En una palabra, estos Cauvin eran gente de carácter entero, inflexible y que nunca daba su brazo a torcer cuando creía tener razón.
Heredero de una de esas familias populares que, entre los franceses, parecen haber ido ahorrando, acumulando las dotes, constituyendo en cierto modo moneda a moneda un fuerte capital humano para colocarlo entero, en su día, a cargo de uno de sus miembros, Calvino tenía todas las características esenciales de la idiosincrasia francesa. La sobriedad. La medida. Una lógica imperiosa y soberana. Un sentido crítico alerta y temible. Sobre todo, el don de saber elegir.
NOTAS
(1). Esta conferencia fue pronunciada en São Paulo, Brasil, en la Universidad Mackenzie, bajo los auspicios del Instituto de Cultura Religiosa (septiembre de 1949). No se escribió. Se publicó, tomada taquigráficamente y traducida al portugués en la Revista de Historia de São Paulo, vol. 5, no. 12, octubre-diciembre de 1952, pp. 254-267. La he reconstruido.
(2). Sobre el protestantismo brasileño, ver los notables estudios de E. G. Léonard: L´Illuminisme dans un protestantisme de constitution récente, París, P.U.F., 1953, in-8.°, y, anteriormente, “L´Eglise presbytérienne du Brasil et ses expériences ecclésiastiques”, (en Études évangéliques, publicados por la Faculté libre de théologie protestante, Aix-en-Provence, 1949, in-8.°).
(3). Michelet, en su Tableau de la France, destaca el carácter peculiar y el papel de las provincias periféricas. “Las extremidades son opulentas, fuertes, heroicas, pero a menudo tienen intereses diferentes del interés nacional.” Mezclan a lo francés algo de lo extranjero, de modo que tenemos, frente a Alemania, una Francia alemana; frente a España, una Francia española; frente a Italia, una Francia italiana… Opiniones rápidas, discutibles, pero que no hay que olvidar.

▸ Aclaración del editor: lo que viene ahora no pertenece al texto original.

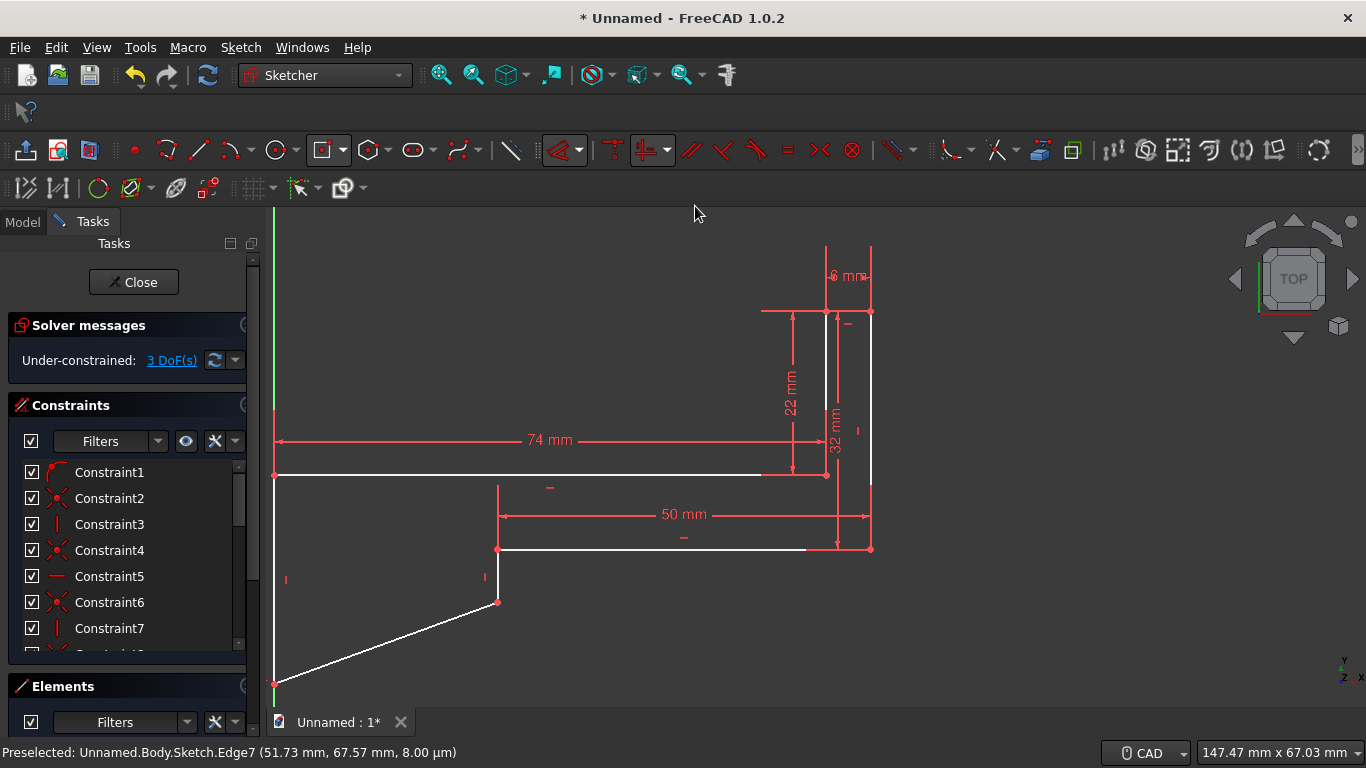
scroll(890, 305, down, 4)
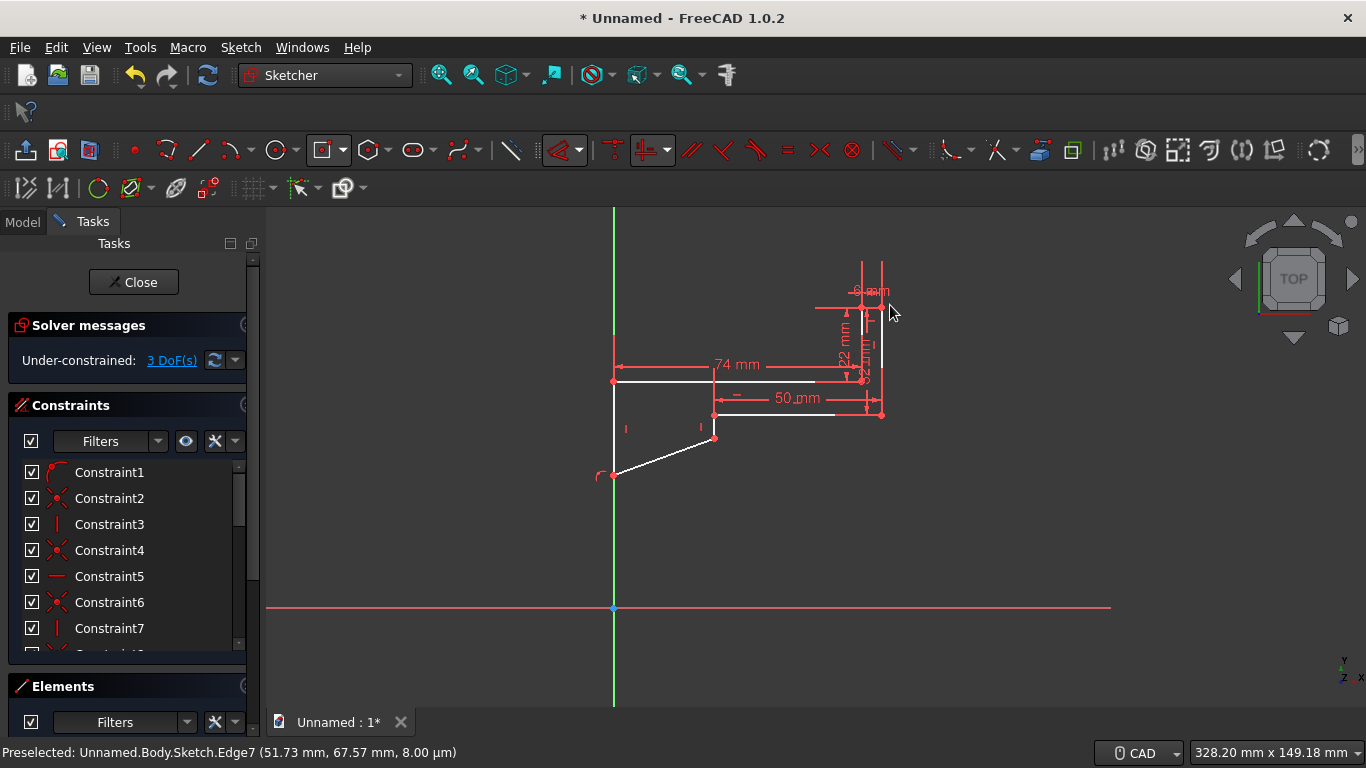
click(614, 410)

(4). Sobre todos estos comienzos de Calvino, cf. el libro ya antiguo, pero clásico, de Abel Lefranc, Le jeunesse de Calvin, 1888. Cf. también las “Recherches sur la formation intellectuelle de Calvin” de Jacques Renouard, en Cahiers de la revue d´histoire et de philosophie religieuse, núm. 24, Estrasburgo, 1931.